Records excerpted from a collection
────
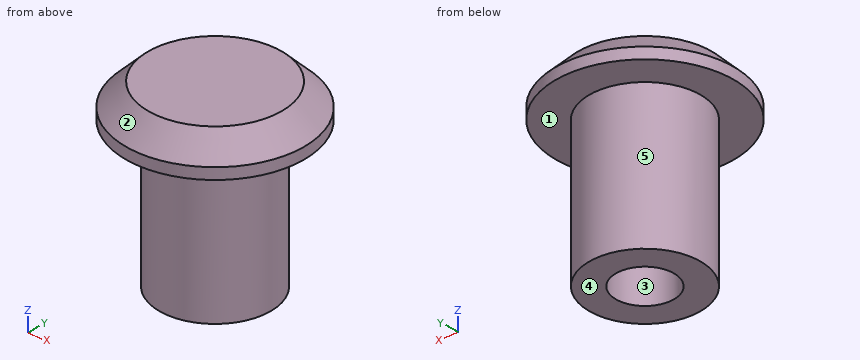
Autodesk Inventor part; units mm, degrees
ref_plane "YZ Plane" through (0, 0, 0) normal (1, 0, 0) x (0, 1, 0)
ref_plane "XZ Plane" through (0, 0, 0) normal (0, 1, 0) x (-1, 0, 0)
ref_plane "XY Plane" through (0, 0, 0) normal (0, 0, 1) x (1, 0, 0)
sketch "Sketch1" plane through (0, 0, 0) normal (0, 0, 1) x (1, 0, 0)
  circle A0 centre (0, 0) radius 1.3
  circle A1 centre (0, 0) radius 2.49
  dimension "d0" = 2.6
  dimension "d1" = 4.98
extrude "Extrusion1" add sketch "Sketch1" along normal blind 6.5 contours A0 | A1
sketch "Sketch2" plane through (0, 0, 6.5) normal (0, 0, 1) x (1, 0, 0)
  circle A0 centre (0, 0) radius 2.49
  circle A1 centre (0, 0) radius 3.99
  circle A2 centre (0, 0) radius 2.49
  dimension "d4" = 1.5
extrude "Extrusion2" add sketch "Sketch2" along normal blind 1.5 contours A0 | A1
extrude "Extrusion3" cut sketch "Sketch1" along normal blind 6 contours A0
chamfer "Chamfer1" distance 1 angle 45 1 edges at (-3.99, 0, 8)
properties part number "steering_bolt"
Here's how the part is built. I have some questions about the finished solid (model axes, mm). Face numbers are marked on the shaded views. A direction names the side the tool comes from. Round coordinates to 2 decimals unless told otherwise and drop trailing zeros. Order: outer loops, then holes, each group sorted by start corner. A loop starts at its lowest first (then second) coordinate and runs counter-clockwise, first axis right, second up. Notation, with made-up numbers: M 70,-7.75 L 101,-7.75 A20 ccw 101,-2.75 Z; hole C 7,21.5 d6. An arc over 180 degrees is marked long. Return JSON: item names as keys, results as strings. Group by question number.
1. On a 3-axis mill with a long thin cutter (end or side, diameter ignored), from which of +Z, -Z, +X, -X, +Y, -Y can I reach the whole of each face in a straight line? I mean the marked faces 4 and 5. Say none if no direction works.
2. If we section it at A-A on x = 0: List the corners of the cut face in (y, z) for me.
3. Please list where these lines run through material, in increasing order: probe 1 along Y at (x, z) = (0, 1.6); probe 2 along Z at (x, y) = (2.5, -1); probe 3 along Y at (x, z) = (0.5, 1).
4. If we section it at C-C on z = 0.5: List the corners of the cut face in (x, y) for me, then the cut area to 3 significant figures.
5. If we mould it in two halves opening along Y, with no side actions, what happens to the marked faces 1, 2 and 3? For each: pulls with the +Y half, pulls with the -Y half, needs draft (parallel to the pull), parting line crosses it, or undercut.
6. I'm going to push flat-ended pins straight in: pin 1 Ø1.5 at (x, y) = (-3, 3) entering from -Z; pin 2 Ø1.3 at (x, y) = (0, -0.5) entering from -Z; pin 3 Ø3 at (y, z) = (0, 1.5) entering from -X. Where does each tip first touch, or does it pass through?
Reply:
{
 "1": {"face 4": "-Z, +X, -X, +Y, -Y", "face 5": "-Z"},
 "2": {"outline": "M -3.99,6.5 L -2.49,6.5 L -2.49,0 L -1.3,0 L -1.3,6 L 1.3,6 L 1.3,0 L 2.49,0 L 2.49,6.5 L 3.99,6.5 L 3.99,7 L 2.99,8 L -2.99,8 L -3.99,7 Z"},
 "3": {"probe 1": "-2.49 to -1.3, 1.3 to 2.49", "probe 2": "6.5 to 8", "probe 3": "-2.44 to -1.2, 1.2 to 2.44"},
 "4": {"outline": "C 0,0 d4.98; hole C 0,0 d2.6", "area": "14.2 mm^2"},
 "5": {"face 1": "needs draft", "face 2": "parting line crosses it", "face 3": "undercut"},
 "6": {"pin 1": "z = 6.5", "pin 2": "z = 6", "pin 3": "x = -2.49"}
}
────
▸ What to do:
The answer is the line holding "-3.99,6.5 L -2.49,6.5" and all the lines after it through the end of the records, repeated exactly.

▸ Solution:
 "2": {"outline": "M -3.99,6.5 L -2.49,6.5 L -2.49,0 L -1.3,0 L -1.3,6 L 1.3,6 L 1.3,0 L 2.49,0 L 2.49,6.5 L 3.99,6.5 L 3.99,7 L 2.99,8 L -2.99,8 L -3.99,7 Z"},
 "3": {"probe 1": "-2.49 to -1.3, 1.3 to 2.49", "probe 2": "6.5 to 8", "probe 3": "-2.44 to -1.2, 1.2 to 2.44"},
 "4": {"outline": "C 0,0 d4.98; hole C 0,0 d2.6", "area": "14.2 mm^2"},
 "5": {"face 1": "needs draft", "face 2": "parting line crosses it", "face 3": "undercut"},
 "6": {"pin 1": "z = 6.5", "pin 2": "z = 6", "pin 3": "x = -2.49"}
}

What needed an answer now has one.